[Exercise aim] There is one span to output from the data below: the lines starting at the line with "4. face 1: undercut" and ending at the line with "4. face 4: draft". Output it exactly, ends included, nothing more.

[Available data]

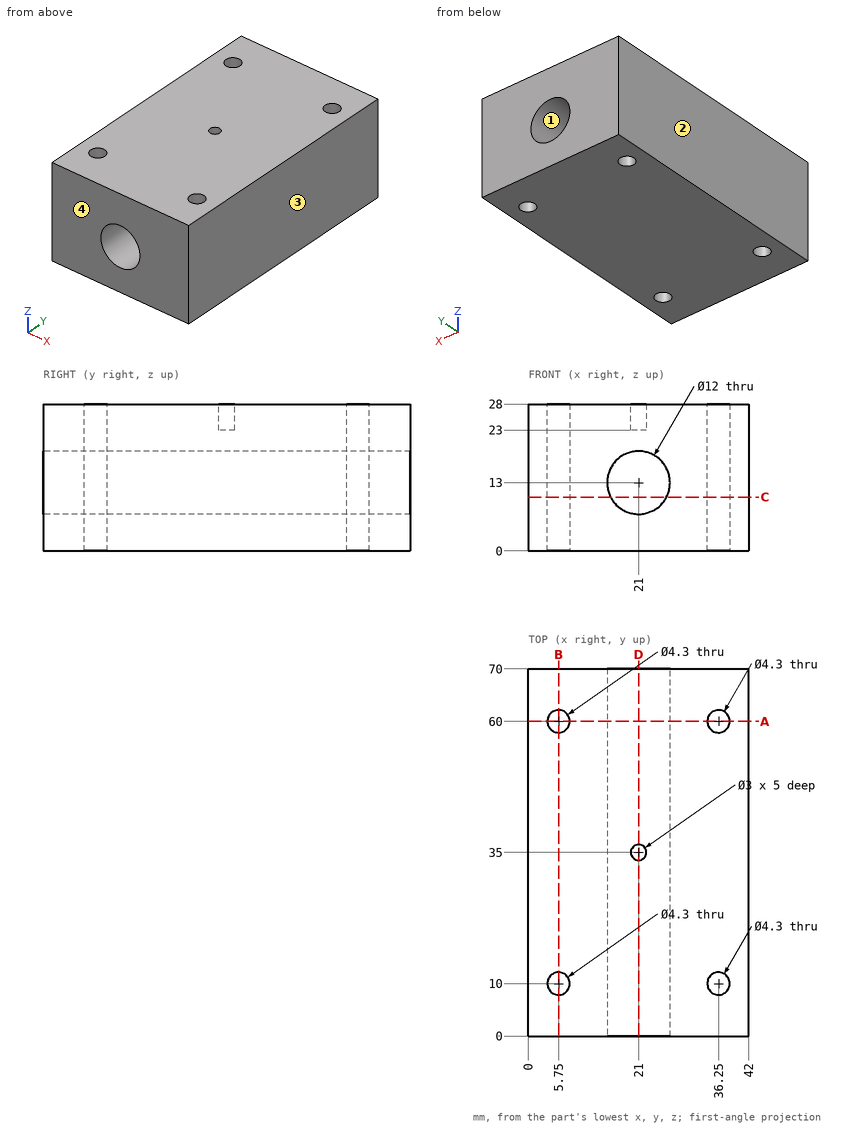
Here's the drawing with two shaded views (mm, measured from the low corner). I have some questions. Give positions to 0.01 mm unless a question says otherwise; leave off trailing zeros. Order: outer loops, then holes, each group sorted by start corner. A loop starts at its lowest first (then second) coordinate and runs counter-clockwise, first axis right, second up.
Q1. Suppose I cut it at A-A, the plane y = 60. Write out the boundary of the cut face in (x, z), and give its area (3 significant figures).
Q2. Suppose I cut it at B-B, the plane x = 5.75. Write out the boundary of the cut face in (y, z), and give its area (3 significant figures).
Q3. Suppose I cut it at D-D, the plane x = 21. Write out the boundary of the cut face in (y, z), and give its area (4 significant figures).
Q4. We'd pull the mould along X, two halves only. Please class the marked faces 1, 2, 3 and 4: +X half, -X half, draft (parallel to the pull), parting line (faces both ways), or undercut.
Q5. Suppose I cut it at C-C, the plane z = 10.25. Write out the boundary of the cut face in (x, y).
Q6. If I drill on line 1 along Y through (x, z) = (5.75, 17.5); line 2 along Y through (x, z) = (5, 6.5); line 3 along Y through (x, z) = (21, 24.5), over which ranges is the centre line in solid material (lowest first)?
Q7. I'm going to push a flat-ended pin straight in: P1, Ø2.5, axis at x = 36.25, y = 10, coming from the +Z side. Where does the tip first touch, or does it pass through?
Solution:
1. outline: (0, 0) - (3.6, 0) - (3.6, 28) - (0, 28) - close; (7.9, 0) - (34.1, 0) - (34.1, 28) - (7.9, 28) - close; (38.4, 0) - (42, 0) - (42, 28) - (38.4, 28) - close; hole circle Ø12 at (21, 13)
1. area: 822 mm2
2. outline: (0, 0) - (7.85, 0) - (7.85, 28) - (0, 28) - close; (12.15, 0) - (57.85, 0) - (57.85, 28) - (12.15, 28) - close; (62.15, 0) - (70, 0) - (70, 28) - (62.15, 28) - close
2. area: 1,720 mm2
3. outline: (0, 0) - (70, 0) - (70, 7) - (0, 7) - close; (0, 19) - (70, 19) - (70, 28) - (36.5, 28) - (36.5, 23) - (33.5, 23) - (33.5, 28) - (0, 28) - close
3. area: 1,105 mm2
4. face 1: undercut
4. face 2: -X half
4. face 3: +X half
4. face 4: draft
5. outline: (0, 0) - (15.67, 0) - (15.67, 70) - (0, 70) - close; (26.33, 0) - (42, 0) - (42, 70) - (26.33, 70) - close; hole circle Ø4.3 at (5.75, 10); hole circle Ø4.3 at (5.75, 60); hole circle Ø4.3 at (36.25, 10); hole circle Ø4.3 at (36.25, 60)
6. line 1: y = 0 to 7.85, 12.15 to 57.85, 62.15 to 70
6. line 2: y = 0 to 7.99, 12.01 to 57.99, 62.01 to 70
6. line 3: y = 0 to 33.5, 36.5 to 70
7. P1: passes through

[Exercise output]
4. face 1: undercut
4. face 2: -X half
4. face 3: +X half
4. face 4: draft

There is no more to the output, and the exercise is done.